Tite sentiu na pele os problemas que a marcação ofensiva pode trazer a uma equipe. A fórmula que fez o Corinthians atropelar o São Paulo, em Itaquera, foi a principal arma do San Lorenzo para impor ao Timão seus piores 45 primeiros minutos em 2015. Sorte e a incrível fase vivida pelo volante Elias, autor de quatro gols em quatro partidas na Taça Libertadores, impediram que os paulistas perdessem pela primeira vez na temporada. 

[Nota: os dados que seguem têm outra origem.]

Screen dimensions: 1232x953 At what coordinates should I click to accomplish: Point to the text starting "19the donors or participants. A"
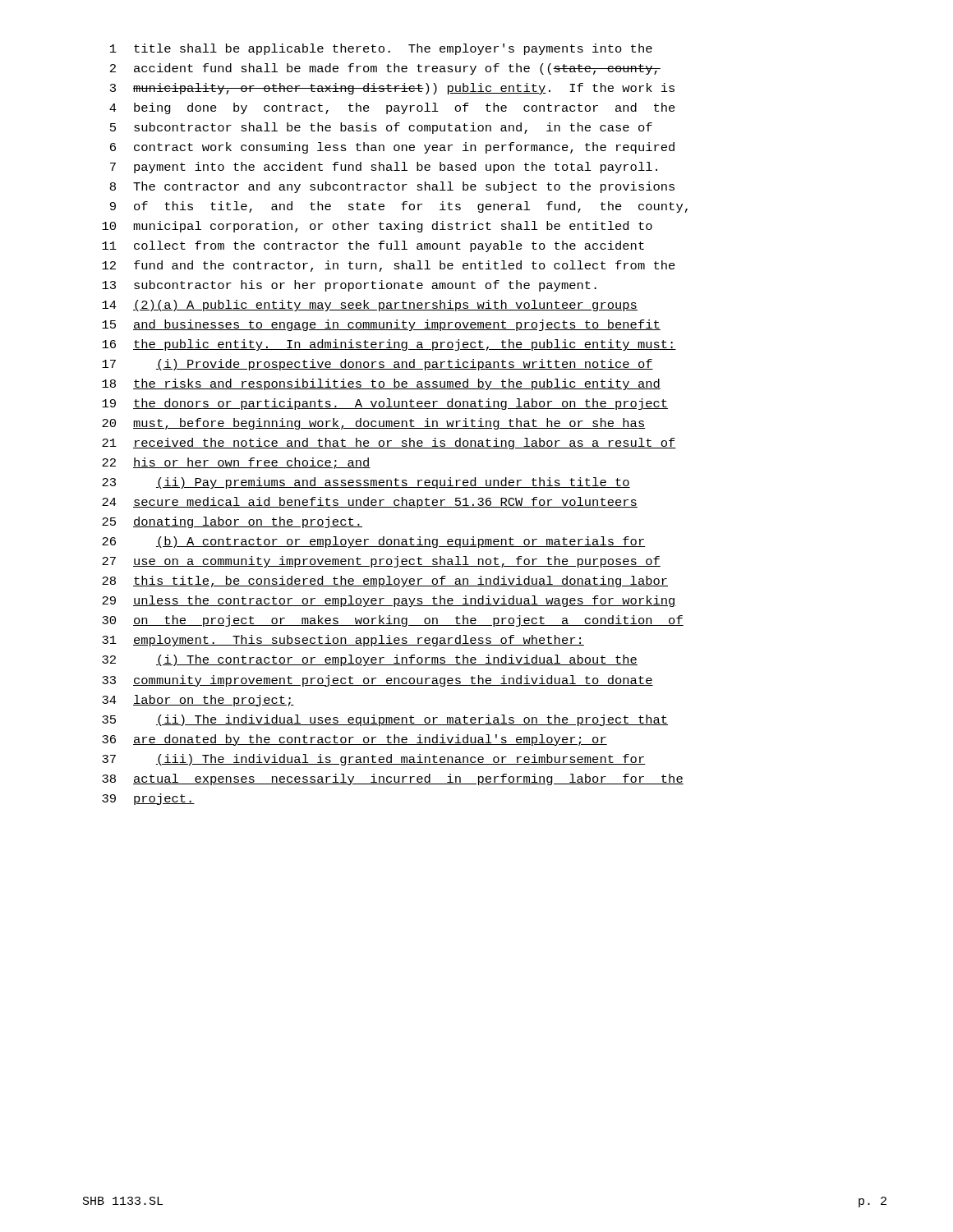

O técnico da equipe argentina, Edgardo Bauza, fez a lição de casa para enfrentar um dos favoritos ao título. Viu que o Corinthians começa boa parte de suas jogadas pelo lado esquerdo da defesa. Uendel não tem a mesma qualidade de Fábio Santos nos passes. Nem Mendoza joga tanto quanto Sheik. Muito marcado, o colombiano não conseguiu usar a velocidade. Estourou em Renato Augusto e Danilo, pouco acionados no primeiro tempo.  Apesar da postura mais cautelosa do Corinthians, o San Lorenzo encontrou espaços para jogar. Bauza apostou em bolas altas para Matos, além da correria e inversão de posições entre Blanco e Romagnoli pela direita da defesa brasileira, sobretudo entre Fagner, Ralf e Edu Dracena. O Timão também exagerou nas brechas. Em uma delas, Blanco perdeu chance incrível ao cabecear livre na área.  A única oportunidade do Corinthians no primeiro tempo parecia um presságio do que estava por vir na etapa final. Sem conseguir as triangulações pelos lados, sua principal característica até o momento na temporada, o Timão tratou de correr. Foi assim que Elias disparou pelo meio, encontrou Danilo e chegou até a área adversária para cabecear. Torrico pegou.   No primeiro tempo, o San Lorenzo pressionou a saída de bola e encurralou o lado esquerdo do Timão  (Foto: Reprodução)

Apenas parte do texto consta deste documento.